内容はタイトルの通り。書かれていることの半分くらいは、断片的に既知の事柄でしたが、あとの半分くらいは意外や意外の事実。平易な口調で、事実を整理して並べていくと、今の日本の意志決定構造が見えてくる。なるほどねぇ。

細かいことは実際に読んでもらうしかないですが、骨子としては「安保法体系」なるものが戦後の日本を支配してきた。ことある毎に米国とか米軍が露骨に口出ししてくるというわけではありません。しかし実際には日米安保とか地位協定とか密約とか、細かいことを決める日米合同委員会とか、巧妙に糸を張りめぐらして、結果的にこうした「体系」に反するような動きは不可能になっている。

すべてが米国の押しつけではありません。日本から要請したものもある。少なくとも日米が同意したことは事実。

こう書くとまるでトンデモ本、陰謀論のようですが、そうではない。きちんと法律や密約(実質的には条約と同じです)で決められてる。もし市民から訴訟が起きても決して負けない。負けないことが分かっているから役人は強気で行ける(役人は必ず負けない側に立ちます)。おまけに司法は最終的に必ず味方をしてくれる。高度に政治的な事柄に司法は関与しないとい最高裁判決が出ている。

(あの鳩山が基地移転問題で、外務省、防衛省、内閣府だったかな、6人の役人を集めて極秘会議。内容は秘密厳守でこれから頑張ろうな・・と言ったその翌日、さっそく新聞にリークされてしまった。役人が鳩山に従うわけがない。可哀相にというか、アホか、というか)

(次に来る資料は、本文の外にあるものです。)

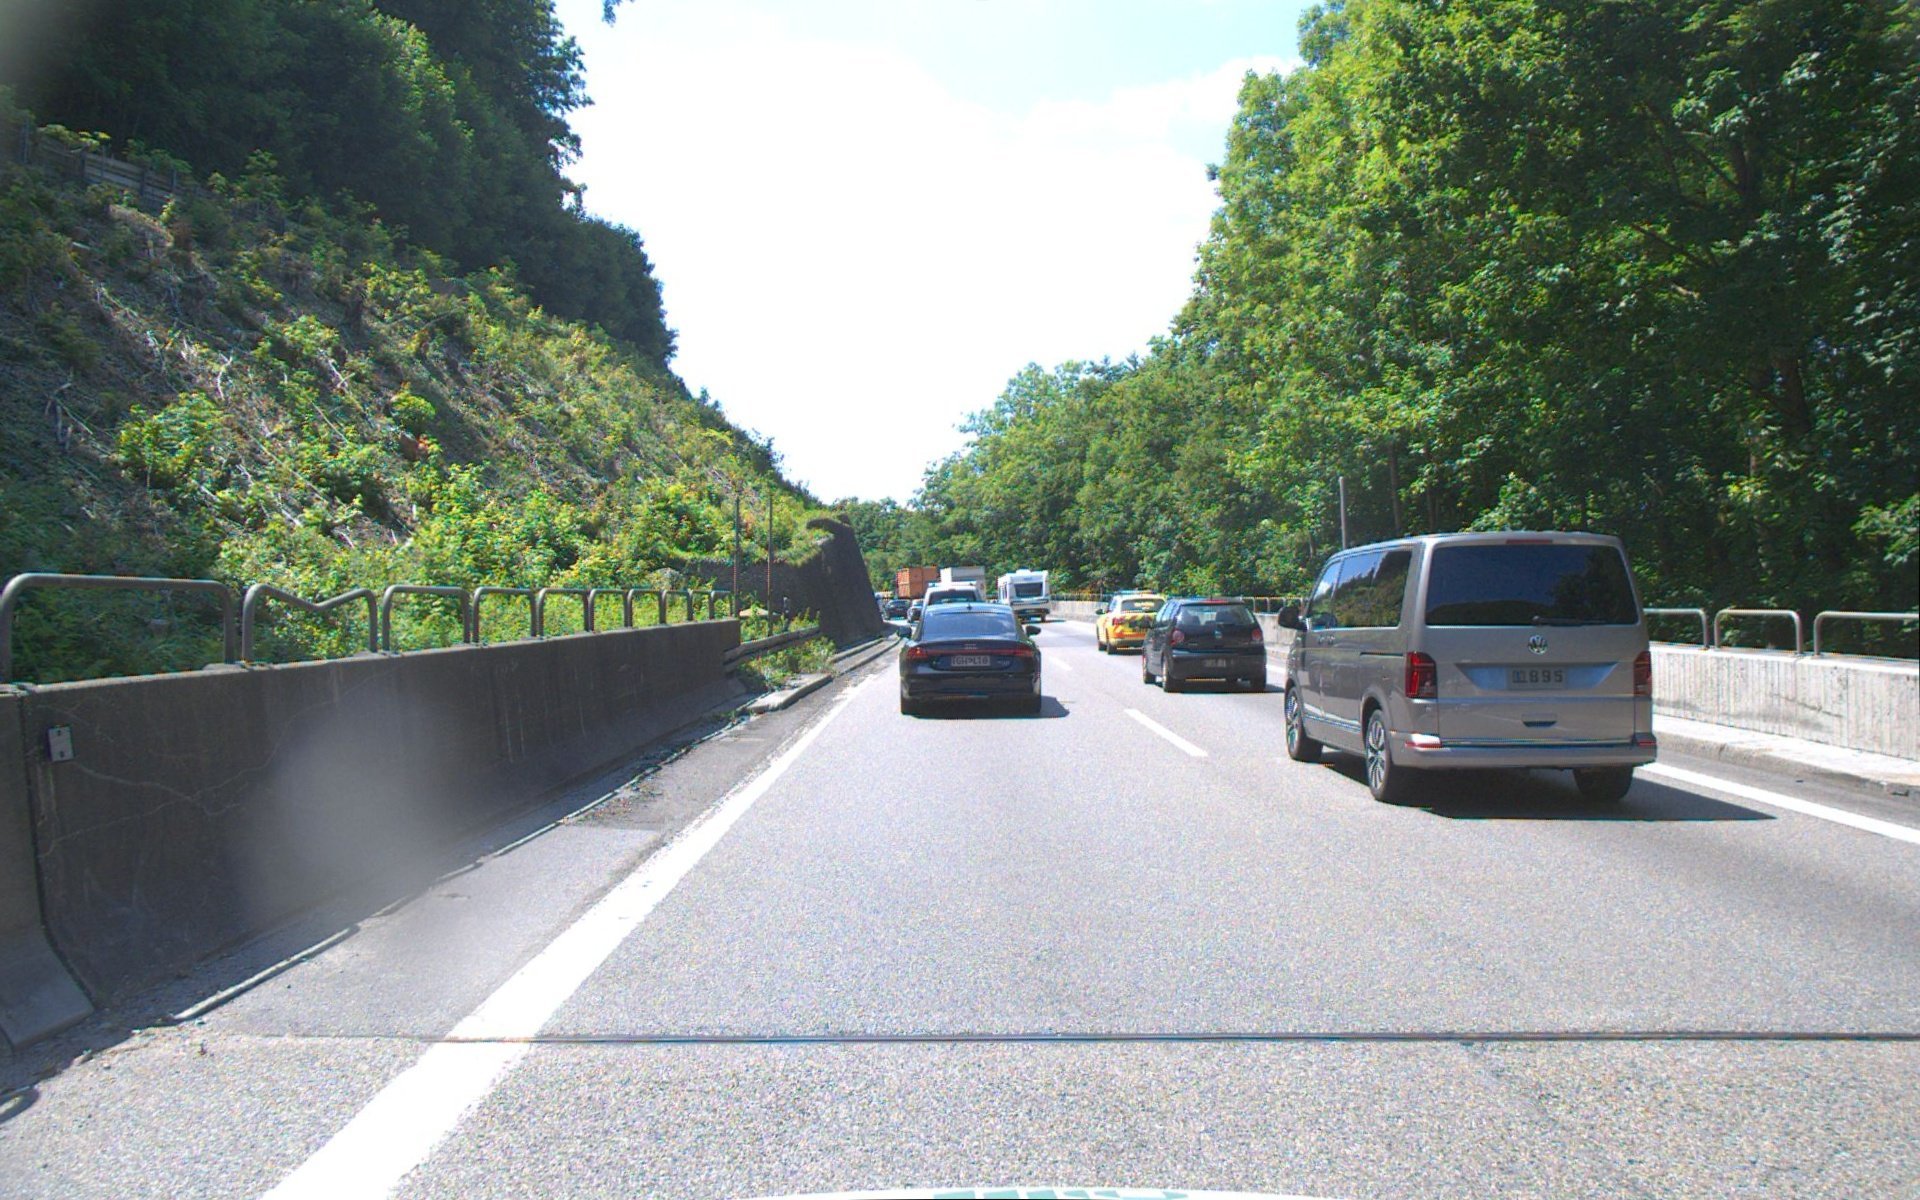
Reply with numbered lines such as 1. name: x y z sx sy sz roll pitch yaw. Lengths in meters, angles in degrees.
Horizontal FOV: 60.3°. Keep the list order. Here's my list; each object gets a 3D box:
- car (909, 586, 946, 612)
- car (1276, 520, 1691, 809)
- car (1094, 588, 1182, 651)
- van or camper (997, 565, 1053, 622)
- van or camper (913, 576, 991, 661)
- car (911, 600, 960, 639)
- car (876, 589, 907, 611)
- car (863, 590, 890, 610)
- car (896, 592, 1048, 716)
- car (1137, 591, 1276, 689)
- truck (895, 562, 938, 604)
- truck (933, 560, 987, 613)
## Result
1. car: -2.117 -0.063 106.076 1.956 1.646 3.993 1 0 -8
2. car: 4.029 0.430 13.645 1.901 1.965 4.694 0 0 -1
3. car: 4.482 0.468 42.170 1.771 1.503 4.081 1 0 0
4. van or camper: 3.413 -0.351 88.381 2.551 2.905 6.333 0 0 -2
5. van or camper: -0.182 0.423 41.175 1.815 1.976 4.165 1 0 0
6. car: -1.098 0.833 72.438 1.858 1.612 3.766 0 0 -6
7. car: -5.066 0.010 121.686 1.720 1.598 3.760 0 0 -11
8. car: -6.811 0.023 135.241 1.719 1.598 3.761 0 0 -11
9. car: 0.069 0.660 22.740 1.866 1.515 4.377 -1 0 -3
10. car: 3.956 0.600 27.064 1.650 1.484 4.000 0 0 0
11. truck: -3.895 -1.449 145.660 3.102 3.528 8.211 1 0 -6
12. truck: -0.037 -1.024 123.560 2.870 3.751 7.710 1 0 -8
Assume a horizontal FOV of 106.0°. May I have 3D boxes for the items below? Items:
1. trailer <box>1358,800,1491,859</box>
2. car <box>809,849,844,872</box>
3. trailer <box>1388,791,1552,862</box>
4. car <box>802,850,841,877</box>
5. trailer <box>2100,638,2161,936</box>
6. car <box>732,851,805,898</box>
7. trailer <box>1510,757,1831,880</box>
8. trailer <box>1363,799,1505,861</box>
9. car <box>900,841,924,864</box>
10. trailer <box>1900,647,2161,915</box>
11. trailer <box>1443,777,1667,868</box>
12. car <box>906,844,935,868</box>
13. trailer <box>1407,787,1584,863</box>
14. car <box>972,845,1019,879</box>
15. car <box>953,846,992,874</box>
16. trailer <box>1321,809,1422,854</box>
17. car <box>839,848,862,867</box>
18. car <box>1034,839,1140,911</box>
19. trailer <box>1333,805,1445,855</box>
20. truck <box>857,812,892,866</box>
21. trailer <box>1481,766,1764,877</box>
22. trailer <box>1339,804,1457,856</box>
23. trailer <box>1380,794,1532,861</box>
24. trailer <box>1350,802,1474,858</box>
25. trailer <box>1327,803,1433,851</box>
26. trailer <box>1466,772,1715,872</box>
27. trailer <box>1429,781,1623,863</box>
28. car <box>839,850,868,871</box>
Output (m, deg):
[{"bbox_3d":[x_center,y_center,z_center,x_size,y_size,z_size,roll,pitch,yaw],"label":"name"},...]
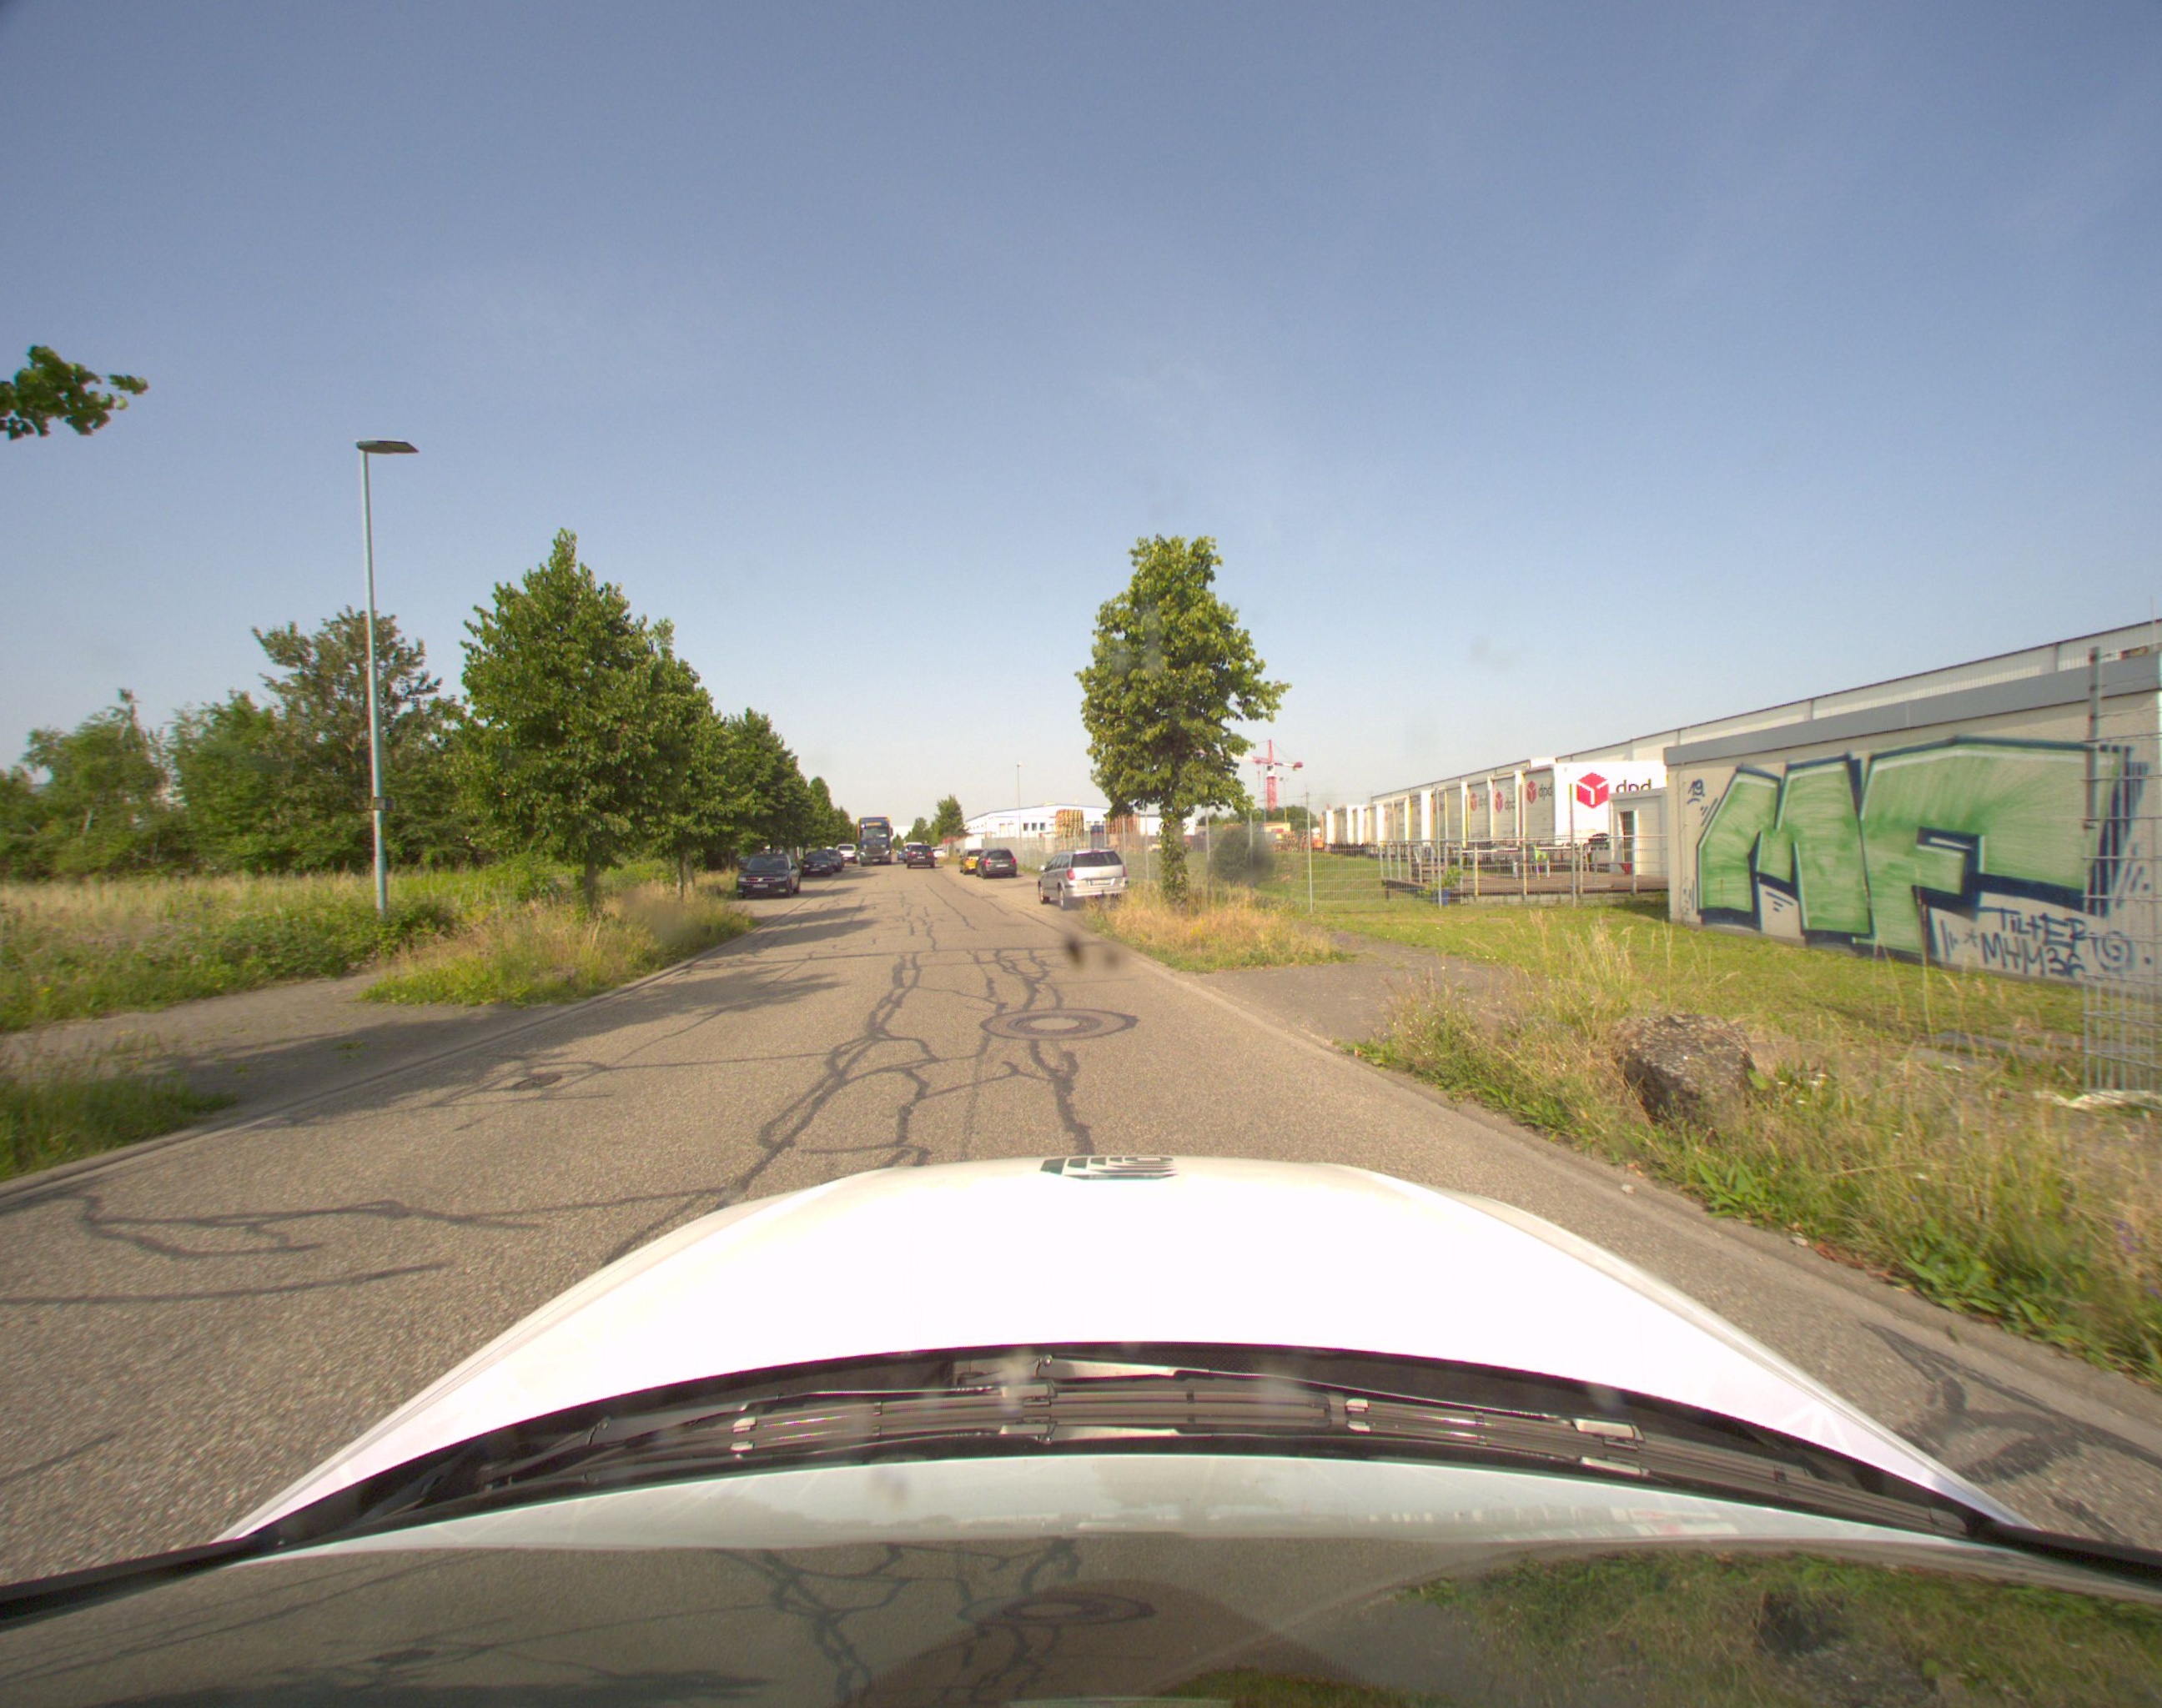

そうそう。敵対国条項なるもの、いまだに残っているんだそうですね。戦後作り上げられた国連、訳し方にゴマカシがあって、実は国連も連合国も同じ「United Nations」です。戦争に勝った連合国がそのまま国連。したがって敗戦国であるドイツと日本を戦争のできない国にするという使命がある。ドイツ、日本がまた戦争を始めそうなら、全員ですぐ叩く。

戦後70年もたってまだ敵対国か・・という感じですが、なんせ条項が生き残っているんだから仕方ない。米軍が日本を守ってくれるというのは大きな錯覚で、米国は米国の利益のために日本に基地を置く。米軍は100%作戦行動の自由を持つ。日本が不穏な動きを見せたら、すぐさま叩き潰す。そう思っているというより、そうした行動が可能な「オプション」「選択の可能性」を決して捨ててはいないという考え方が正しいのでしょう。

東京の上空に米軍設定の飛行禁止エリアがあることは知っていましたが、実際には日本の上空はすべて米軍の空だそうです。どこでも自由に飛ぶ権利を持つ。要するに日本は現在も実質的占領地。飛行を禁止しようとするとたぶん訴訟になって、日本は負ける。そういう法体系になってるんだから仕方ない。

ずいぶん昔、テレビで故・ハマコウが「アメリカ様に逆らっちゃいかん」という言葉を発したときは驚愕しました。こんな正直な発言を初めて聞いた。でもたぶん自民党の政治家や司法省・外務省の幹部にとっては常識なんでしょうね。

いい本でした。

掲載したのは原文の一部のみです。